It’s now been six weeks since the Twitter Board agreed to a $44 billion hostile takeover offer from Elon Musk – so where are things placed at this stage?

After much speculation, it now appears that Musk is indeed looking to pull out of the deal entirely, according to a new SEC filing.

In a letter sent to Twitter’s Chief Legal Officer Vijaya Gadde, Musk’s team has asserted that Twitter has breached the terms of the takeover deal by refusing to provide more insight into the number of fake profiles on its platform, which Twitter pegs at 5% of its active user count. Musk himself has publicly questioned this figure, and now, he appears to be looking to use this as a means to back out of his takeover bid.

As per the SEC note:

Based on Twitter’s behavior to date, and the company’s latest correspondence in particular, Mr. Musk believes the company is actively resisting and thwarting his information rights (and the company’s corresponding obligations) under the merger agreement.
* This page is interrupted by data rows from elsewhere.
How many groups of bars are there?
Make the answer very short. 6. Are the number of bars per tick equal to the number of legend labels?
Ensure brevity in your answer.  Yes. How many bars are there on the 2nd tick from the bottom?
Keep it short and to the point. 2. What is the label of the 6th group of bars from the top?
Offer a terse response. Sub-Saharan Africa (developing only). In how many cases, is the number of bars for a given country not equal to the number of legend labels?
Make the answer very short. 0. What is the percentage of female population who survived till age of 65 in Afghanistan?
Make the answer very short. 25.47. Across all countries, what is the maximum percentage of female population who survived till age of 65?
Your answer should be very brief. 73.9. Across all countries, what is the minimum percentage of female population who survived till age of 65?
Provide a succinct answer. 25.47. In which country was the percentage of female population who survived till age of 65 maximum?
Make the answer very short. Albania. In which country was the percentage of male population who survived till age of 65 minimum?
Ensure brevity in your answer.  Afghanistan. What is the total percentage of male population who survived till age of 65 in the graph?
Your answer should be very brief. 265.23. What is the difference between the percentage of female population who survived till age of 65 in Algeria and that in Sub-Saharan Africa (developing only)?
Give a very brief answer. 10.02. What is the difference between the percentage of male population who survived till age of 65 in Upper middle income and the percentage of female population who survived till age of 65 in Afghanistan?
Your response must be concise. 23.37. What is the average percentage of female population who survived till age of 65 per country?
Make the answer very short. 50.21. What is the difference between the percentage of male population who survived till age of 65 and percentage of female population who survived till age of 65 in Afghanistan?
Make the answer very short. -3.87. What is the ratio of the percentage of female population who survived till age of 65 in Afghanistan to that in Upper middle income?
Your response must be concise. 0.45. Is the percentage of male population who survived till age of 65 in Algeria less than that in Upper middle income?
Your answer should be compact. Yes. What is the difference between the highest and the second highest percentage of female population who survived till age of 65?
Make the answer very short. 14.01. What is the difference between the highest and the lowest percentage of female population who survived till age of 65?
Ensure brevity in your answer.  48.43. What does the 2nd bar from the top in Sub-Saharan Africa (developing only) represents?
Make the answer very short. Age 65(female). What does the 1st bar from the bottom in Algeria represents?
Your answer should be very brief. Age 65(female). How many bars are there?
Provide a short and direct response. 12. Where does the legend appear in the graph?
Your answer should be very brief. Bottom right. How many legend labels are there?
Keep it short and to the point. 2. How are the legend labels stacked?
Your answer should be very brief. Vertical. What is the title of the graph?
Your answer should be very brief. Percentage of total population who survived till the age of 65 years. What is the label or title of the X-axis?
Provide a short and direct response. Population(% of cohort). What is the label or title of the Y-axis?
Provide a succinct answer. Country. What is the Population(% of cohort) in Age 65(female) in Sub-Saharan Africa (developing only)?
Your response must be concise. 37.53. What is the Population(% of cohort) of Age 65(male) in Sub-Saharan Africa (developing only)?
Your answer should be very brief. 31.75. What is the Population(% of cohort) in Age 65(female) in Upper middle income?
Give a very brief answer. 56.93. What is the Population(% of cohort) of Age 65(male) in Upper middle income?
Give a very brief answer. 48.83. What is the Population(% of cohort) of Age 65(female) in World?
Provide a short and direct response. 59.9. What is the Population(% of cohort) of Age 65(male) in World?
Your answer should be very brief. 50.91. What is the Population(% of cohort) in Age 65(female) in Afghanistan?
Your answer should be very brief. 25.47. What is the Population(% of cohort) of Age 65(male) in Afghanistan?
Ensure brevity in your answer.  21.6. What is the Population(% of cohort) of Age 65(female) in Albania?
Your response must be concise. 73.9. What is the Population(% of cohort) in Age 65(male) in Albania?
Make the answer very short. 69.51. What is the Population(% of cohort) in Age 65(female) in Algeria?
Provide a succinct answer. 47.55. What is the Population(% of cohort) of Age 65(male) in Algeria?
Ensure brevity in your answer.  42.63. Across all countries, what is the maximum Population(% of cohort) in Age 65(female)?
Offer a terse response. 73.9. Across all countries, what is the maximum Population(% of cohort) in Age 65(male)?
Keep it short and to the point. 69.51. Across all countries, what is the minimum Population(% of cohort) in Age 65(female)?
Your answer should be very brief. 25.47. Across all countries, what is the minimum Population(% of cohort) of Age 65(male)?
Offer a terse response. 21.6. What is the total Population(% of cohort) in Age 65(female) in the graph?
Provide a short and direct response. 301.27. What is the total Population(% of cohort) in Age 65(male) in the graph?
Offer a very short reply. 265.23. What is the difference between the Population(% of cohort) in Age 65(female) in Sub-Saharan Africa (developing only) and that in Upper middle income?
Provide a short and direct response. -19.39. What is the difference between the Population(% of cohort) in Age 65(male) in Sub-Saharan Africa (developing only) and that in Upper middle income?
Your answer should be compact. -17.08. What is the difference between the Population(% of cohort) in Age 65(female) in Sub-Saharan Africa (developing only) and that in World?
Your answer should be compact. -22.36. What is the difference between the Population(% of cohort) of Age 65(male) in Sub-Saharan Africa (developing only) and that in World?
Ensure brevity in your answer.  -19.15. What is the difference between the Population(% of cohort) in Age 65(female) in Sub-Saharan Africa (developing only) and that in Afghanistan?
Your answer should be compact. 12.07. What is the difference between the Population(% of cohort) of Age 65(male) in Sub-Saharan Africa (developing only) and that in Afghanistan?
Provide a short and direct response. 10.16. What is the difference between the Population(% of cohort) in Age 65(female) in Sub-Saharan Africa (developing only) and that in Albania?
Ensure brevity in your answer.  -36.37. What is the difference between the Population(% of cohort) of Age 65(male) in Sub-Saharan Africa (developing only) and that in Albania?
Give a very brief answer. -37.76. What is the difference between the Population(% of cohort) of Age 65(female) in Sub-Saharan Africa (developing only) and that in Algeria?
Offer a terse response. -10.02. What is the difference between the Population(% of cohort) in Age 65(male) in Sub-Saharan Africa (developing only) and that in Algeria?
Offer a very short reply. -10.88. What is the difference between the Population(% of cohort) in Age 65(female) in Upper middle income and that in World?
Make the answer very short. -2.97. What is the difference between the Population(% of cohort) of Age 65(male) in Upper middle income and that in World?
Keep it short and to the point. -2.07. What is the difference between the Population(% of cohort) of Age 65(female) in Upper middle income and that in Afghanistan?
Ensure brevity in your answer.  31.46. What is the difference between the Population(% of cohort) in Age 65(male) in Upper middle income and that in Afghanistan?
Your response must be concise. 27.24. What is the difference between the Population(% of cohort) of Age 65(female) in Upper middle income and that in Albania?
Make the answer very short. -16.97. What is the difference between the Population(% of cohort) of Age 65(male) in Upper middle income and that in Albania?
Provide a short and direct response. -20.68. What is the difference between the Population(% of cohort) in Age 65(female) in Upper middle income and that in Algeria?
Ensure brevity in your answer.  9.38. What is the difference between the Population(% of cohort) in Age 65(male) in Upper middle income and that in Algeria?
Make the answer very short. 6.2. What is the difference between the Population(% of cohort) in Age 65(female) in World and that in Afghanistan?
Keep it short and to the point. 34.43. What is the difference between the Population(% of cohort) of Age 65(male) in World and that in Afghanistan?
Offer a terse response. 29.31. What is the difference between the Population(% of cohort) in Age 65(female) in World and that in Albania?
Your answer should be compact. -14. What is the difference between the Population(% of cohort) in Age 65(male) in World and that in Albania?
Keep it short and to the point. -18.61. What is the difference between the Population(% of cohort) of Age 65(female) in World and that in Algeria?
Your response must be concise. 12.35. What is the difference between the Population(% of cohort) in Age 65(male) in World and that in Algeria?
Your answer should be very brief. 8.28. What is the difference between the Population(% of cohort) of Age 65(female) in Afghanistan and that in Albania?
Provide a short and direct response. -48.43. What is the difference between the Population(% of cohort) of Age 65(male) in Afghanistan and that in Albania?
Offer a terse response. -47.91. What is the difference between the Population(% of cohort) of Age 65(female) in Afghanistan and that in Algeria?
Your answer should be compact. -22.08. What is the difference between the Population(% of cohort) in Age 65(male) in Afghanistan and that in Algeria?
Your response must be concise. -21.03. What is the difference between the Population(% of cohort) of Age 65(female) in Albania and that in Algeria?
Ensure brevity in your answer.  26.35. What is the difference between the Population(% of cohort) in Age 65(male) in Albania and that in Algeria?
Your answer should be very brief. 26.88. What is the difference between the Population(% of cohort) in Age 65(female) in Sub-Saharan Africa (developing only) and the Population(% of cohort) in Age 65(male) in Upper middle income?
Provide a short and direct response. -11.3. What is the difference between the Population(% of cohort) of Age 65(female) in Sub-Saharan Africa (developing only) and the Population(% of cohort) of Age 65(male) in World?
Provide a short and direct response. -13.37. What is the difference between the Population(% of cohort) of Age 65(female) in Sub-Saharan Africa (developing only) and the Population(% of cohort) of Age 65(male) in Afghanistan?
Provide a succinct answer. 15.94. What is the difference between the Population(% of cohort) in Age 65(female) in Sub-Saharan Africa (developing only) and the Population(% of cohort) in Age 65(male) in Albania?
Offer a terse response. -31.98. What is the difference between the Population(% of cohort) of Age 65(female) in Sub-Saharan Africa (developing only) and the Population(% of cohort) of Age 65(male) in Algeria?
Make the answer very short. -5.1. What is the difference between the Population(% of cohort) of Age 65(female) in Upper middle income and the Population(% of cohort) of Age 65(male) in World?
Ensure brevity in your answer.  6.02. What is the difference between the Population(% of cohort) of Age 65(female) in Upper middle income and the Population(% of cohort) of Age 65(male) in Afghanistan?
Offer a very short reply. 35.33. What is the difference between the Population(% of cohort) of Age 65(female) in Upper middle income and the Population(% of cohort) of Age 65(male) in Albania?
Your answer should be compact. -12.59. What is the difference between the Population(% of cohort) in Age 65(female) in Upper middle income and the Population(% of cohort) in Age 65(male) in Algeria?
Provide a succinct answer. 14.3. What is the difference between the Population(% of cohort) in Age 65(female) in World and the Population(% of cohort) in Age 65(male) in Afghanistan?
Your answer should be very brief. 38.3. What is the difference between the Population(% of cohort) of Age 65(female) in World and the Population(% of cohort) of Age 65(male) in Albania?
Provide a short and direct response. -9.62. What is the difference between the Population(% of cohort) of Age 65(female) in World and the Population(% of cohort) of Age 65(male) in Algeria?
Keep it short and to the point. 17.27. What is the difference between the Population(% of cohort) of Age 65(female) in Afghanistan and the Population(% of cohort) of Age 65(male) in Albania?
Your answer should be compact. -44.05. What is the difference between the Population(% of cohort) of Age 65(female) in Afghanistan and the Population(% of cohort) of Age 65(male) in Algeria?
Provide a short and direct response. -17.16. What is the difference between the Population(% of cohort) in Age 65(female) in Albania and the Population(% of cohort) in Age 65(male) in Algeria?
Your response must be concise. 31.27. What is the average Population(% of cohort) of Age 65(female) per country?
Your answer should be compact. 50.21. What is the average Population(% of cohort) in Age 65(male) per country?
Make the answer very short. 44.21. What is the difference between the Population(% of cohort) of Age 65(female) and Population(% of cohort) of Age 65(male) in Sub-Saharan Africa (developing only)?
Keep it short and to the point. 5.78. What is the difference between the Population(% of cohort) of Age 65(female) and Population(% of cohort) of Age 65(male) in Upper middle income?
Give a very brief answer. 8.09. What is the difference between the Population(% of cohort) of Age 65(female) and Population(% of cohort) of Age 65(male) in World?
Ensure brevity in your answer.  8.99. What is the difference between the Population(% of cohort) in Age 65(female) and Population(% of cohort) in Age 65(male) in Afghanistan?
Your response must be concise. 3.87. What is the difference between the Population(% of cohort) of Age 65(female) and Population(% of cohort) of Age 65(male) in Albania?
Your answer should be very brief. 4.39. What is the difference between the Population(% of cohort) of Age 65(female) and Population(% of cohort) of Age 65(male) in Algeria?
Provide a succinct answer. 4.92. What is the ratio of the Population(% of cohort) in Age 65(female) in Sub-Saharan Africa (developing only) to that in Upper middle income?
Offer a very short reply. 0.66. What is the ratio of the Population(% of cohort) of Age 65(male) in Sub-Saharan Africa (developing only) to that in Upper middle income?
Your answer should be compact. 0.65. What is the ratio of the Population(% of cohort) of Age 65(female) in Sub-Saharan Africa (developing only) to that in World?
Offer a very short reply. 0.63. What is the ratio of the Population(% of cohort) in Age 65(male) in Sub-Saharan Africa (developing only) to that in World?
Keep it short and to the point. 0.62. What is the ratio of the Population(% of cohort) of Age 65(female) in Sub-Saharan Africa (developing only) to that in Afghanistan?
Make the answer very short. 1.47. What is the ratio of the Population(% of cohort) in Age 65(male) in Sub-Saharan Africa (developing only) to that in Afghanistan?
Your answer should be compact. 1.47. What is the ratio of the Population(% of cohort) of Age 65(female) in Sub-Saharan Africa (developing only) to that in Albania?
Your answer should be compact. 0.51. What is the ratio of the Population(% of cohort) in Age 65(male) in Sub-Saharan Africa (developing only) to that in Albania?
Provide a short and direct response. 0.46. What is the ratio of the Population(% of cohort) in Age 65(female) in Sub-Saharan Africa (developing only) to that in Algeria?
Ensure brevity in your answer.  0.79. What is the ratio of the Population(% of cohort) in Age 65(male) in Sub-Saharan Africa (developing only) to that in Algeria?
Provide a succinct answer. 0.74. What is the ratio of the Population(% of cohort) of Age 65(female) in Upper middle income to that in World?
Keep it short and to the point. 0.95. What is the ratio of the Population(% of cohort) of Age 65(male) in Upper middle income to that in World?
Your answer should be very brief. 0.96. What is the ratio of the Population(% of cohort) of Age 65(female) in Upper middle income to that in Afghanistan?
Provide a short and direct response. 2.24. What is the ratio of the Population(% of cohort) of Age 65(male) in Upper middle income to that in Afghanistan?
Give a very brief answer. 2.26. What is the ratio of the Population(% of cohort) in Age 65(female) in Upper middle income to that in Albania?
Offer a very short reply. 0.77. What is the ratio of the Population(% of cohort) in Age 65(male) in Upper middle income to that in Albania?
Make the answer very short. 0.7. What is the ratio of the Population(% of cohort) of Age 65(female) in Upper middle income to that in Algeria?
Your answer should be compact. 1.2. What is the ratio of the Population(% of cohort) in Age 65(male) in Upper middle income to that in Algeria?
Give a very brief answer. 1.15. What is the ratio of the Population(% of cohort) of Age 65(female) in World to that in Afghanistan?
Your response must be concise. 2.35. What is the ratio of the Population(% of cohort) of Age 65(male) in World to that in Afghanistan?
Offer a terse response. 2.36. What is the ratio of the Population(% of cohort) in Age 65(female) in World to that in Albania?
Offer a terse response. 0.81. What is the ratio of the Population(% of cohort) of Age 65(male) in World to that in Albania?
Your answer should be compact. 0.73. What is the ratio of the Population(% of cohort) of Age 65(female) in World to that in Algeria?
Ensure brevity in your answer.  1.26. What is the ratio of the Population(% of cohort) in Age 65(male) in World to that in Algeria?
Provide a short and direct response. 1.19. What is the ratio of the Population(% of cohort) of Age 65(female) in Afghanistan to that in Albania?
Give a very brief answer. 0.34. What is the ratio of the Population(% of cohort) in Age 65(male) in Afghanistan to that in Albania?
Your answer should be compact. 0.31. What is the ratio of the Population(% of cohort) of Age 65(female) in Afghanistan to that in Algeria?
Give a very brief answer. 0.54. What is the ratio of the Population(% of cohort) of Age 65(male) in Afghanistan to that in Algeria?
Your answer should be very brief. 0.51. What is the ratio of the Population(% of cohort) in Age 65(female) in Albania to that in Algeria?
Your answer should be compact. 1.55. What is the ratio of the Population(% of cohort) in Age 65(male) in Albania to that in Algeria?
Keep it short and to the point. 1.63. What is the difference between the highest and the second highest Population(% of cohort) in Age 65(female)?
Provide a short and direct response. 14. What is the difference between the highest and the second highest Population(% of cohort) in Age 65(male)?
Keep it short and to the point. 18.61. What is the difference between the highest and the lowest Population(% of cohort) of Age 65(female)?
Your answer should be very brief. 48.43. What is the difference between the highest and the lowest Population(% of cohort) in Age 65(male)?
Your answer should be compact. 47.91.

This is a clear material breach of Twitter’s obligations under the merger agreement and Mr. Musk reserves all rights resulting therefrom, including his right not to consummate the transaction and his right to terminate the merger agreement.

Musk’s team says that, despite repeated requests, Twitter has refused to elaborate on this 5% figure, which Musk believes is far too low to be accurate. Musk’s team argues that the accuracy of this data is critical in securing financing for Elon’s Twitter bid, and if Twitter can’t provide more detail to reinforce this figure, that would be tantamount to a breach of the deal terms, which would enable Musk to exit his takeover push.

Which is not quite how Twitter sees it.

Twitter has argued that its 5% fake profile figure is accurate, based on its own sampling and reporting, through processes which have been accepted by the SEC in the past, and as such, that should be the agreed number under the terms of the deal.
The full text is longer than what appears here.